THE WEEKLY STANDARD
by Nicholas Eberstadt
May 19, 2014
May 22, 2014, marks the 50th anniversary of President Lyndon Baines Johnson’s “Great Society” address, delivered at the spring commencement for the University of Michigan. That speech remains the most ambitious call to date by any president (our current commander in chief included) to use the awesome powers of the American state to effect a far-reaching transformation of the society that state was established to serve. It also stands as the high-water mark for Washington’s confidence in the broad meliorative properties of government social policy, scientifically applied.
No less important, the Great Society pledge, and the fruit this would ultimately bear, profoundly recast the common understanding of the ends of governance in our country. The address heralded fundamental changes—some then already underway, others still only being envisioned—that would decisively expand the scale and scope of government in American life and greatly alter the relationship between that same government and the governed in our country today.
In his oration, LBJ offered a grand vision of what an American welfare state—big, generous, and interventionist—might accomplish.
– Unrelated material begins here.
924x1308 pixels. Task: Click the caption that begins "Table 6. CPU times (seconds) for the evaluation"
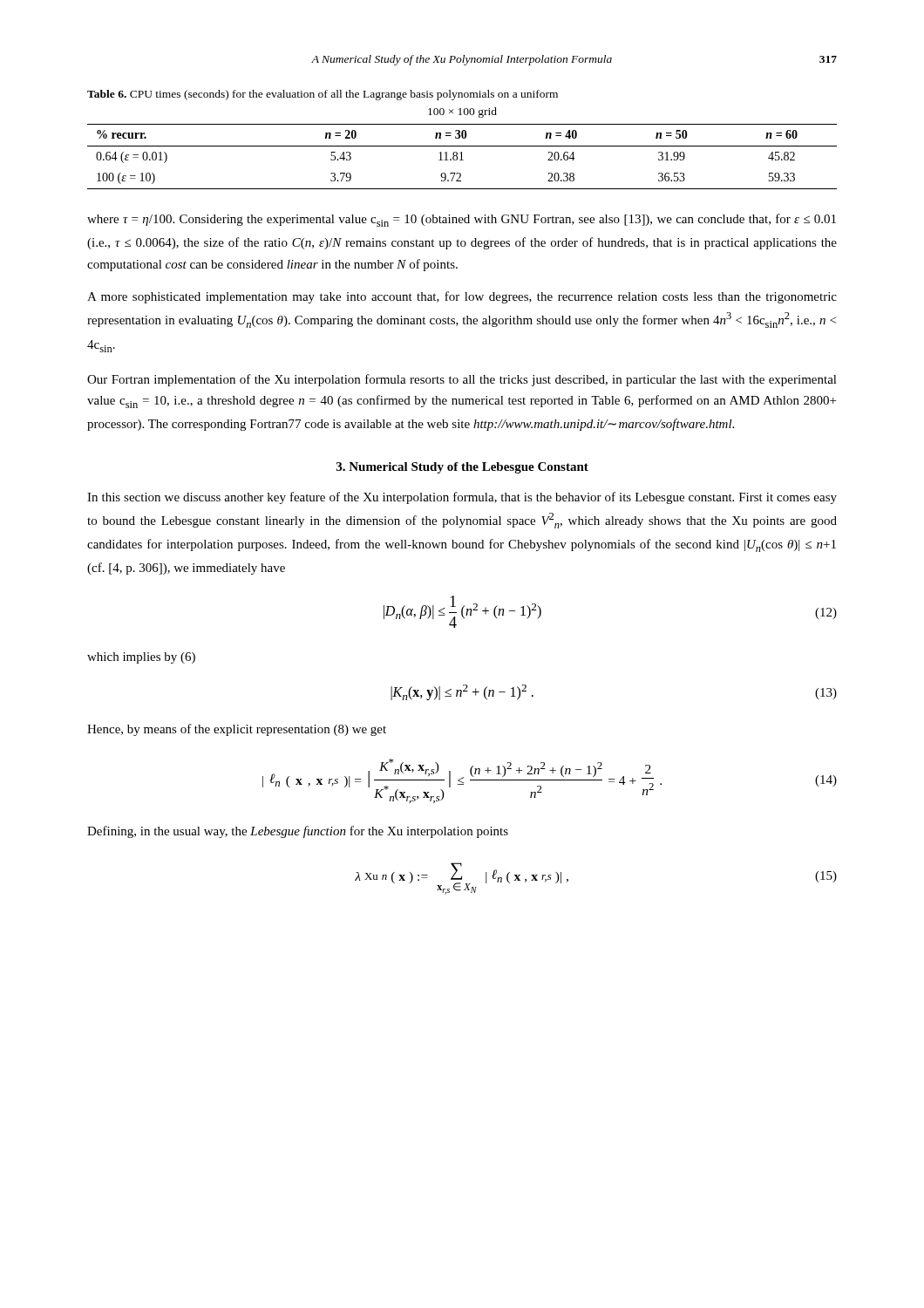462,103
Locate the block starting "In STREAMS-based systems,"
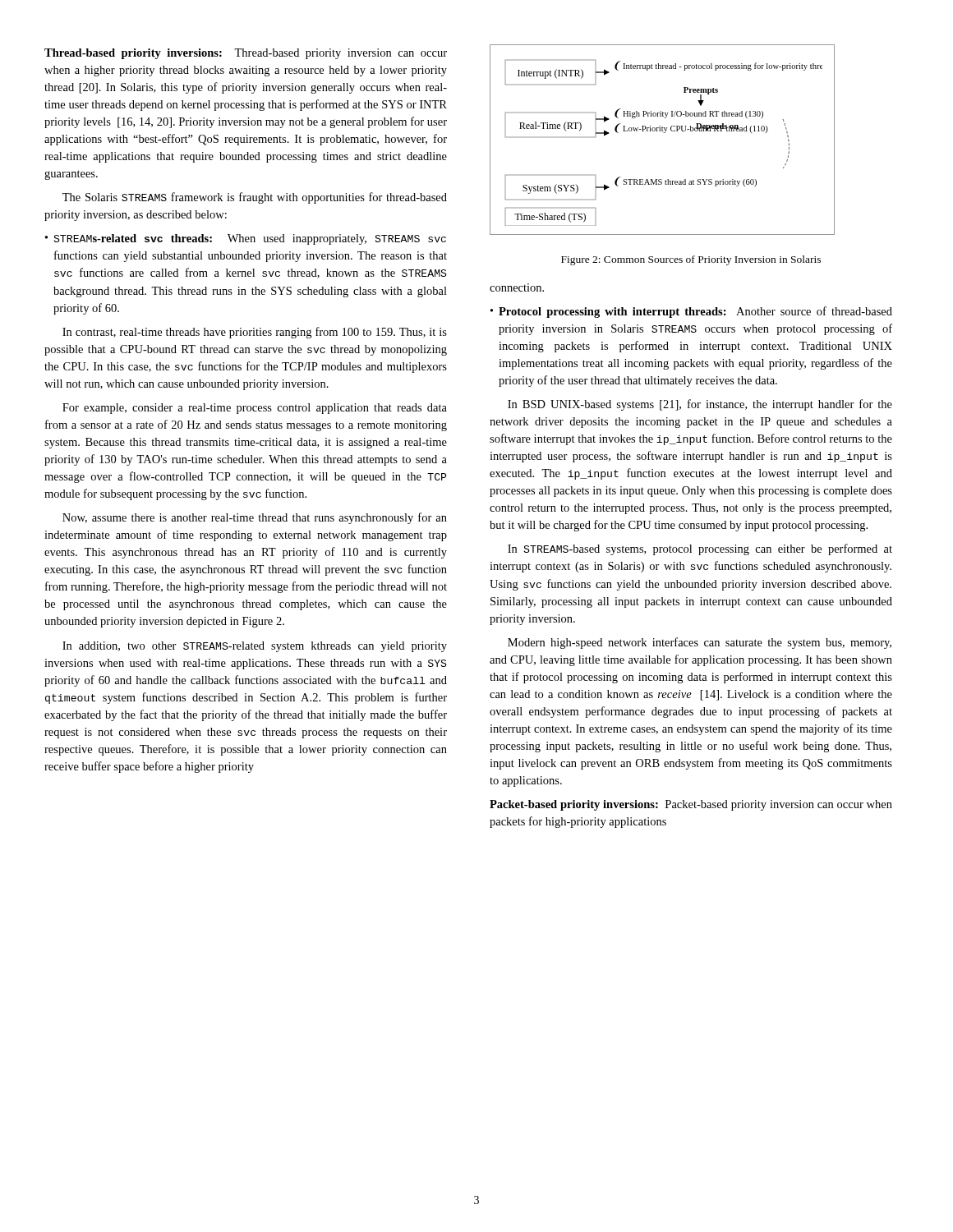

Difficult as this may be for most citizens now alive to recall, the United States in the early 1960s was not yet a modern welfare state: Our only nationwide social program in those days was the Social Security system, which provided benefits for workers’ retirement and disability and for orphaned or abandoned children of workers. Johnson had gradually been unveiling this vision, starting with his declaration of a “War on Poverty” in his first State of the Union months earlier in 1964, just weeks after John F. Kennedy’s assassination. In LBJ’s words, “The Great Society rests on abundance and liberty for all. It demands an end to poverty and racial injustice, to which we are totally committed in our time. But that,” he said, “is just the beginning.”
…..Acccording to the official poverty rate, the proportion of our population below the poverty line was dropping rapidly in the years immediately before the War on Poverty was fully underway. In the seven years between 1959 and 1966, according to the Census Bureau, the proportion of our country living in poverty dropped by about a third, from 22.4 to 14.7 percent. Since then, however, the official poverty rate has been essentially stuck. It reached an all-time low of 11.1 percent in 1973, in the Nixon era, then drifted uncertainly back upward. For the year 2012, the most recent such data available, the national poverty rate was 15.0 percent—slightly higher, in other words, than back in 1966.
The official poverty picture looks even worse the more closely one focuses on it. According to those same official numbers, the poverty rate for all families was no lower in 2012 than in 1966. The poverty rate for American children under 18 is higher now than it was then. The poverty rate for the working-age population (18-64) is also higher now than back then. The poverty rate for whites is higher now than it was then. Poverty rates for Hispanic Americans have been tracked only since 1972—but these likewise are higher today than back then. Shocking as this may sound, only a few groups within our society—most importantly, Americans 65 and older and African Americans of all ages—registered any appreciable improvement in poverty rates between 1966 and 2012.